Mechanisms regulating inflammation associated with type 2 diabetes, cancer identified
A study led by researchers at Boston University School of Medicine (BUSM) has identified epigenetic mechanisms that connect a variety of diseases associated with inflammation. Utilizing molecular analyses of gene expression in macrophages, which are cells largely responsible for inflammation, researchers have shown that inhibiting a defined group of proteins could help decrease the inflammatory response associated with diseases such as obesity, type 2 diabetes, cancer and sepsis.
The study, which is published online in the Journal of Immunology, was led by first author Anna C. Belkina, MD, PhD, a researcher in the department of microbiology at BUSM, and senior author Gerald V. Denis, PhD, associate professor of pharmacology and medicine at BUSM.
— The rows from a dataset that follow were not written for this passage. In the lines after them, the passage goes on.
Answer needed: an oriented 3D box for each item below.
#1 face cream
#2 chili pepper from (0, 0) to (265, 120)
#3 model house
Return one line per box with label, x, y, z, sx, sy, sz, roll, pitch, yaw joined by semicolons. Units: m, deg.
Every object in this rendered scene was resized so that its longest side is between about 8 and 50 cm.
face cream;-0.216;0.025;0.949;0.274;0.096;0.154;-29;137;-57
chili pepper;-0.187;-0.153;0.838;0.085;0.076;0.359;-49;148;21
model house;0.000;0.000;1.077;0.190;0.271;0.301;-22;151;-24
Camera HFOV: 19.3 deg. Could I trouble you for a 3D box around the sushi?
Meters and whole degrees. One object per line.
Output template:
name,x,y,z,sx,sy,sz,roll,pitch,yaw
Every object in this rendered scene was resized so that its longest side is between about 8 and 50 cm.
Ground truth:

Epigenetics is an emerging field of study exploring how genetically identical cells express their genes differently, resulting in different phenotypes, due to mechanisms other than DNA sequence changes.
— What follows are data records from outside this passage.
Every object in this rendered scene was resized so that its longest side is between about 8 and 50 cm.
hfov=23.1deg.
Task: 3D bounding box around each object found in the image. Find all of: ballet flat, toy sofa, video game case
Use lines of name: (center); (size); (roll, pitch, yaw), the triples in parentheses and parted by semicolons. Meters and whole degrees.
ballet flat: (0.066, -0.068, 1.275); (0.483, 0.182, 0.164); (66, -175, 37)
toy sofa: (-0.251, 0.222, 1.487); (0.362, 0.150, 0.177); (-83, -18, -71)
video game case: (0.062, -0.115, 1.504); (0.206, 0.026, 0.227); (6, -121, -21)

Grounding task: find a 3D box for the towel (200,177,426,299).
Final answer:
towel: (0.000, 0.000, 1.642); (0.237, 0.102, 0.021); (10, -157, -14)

Previous studies have shown that a gene, called Brd2, is associated with high insulin production and excessive adipose (fat) tissue expansion that drives obesity when Brd2 levels are low and cancer when Brd2 levels are high. The Brd2 gene is a member of the Bromodomain Extra Terminal (BET) family of proteins and is closely related to Brd4, which is important in highly lethal carcinomas in young people, as well as in the replication of Human Immunodeficiency Virus (HIV).
The BET family proteins control gene expression epigenetically by acting on chromatin, the packaging material for genes, rather than on DNA directly. This mechanism of action is being explored because the interactions are not reflected in genome sequencing information or captured through DNA-based genetic analysis. In addition, this layer of gene regulation has recently been shown to be a potential target in the development of novel epigenetic drugs that could target several diseases at once.
The study results show that proteins in the BET family have a strong influence on the production of pro-inflammatory cytokines in macrophages. This indicates that the defined family of proteins govern many aspects of acute inflammatory diseases, such as type 2 diabetes, sepsis and cardiovascular disease, among others, and that they should be explored as a potential target to treat a wide variety of diseases.
"Our study suggests that it is not a coincidence that patients with diabetes experience higher risk of death from cancer, or that patients with chronic inflammatory diseases, such as atherosclerosis and insulin resistance, also are more likely to be obese or suffer from inflammatory complications," said Belkina. "This requires us to think of diverse diseases of different organs as much more closely related than our current division of medical specialities allows."
Future research should explore how to successfully and safely target and inhibit these proteins in order to stop the inflammatory response associated with a variety of diseases.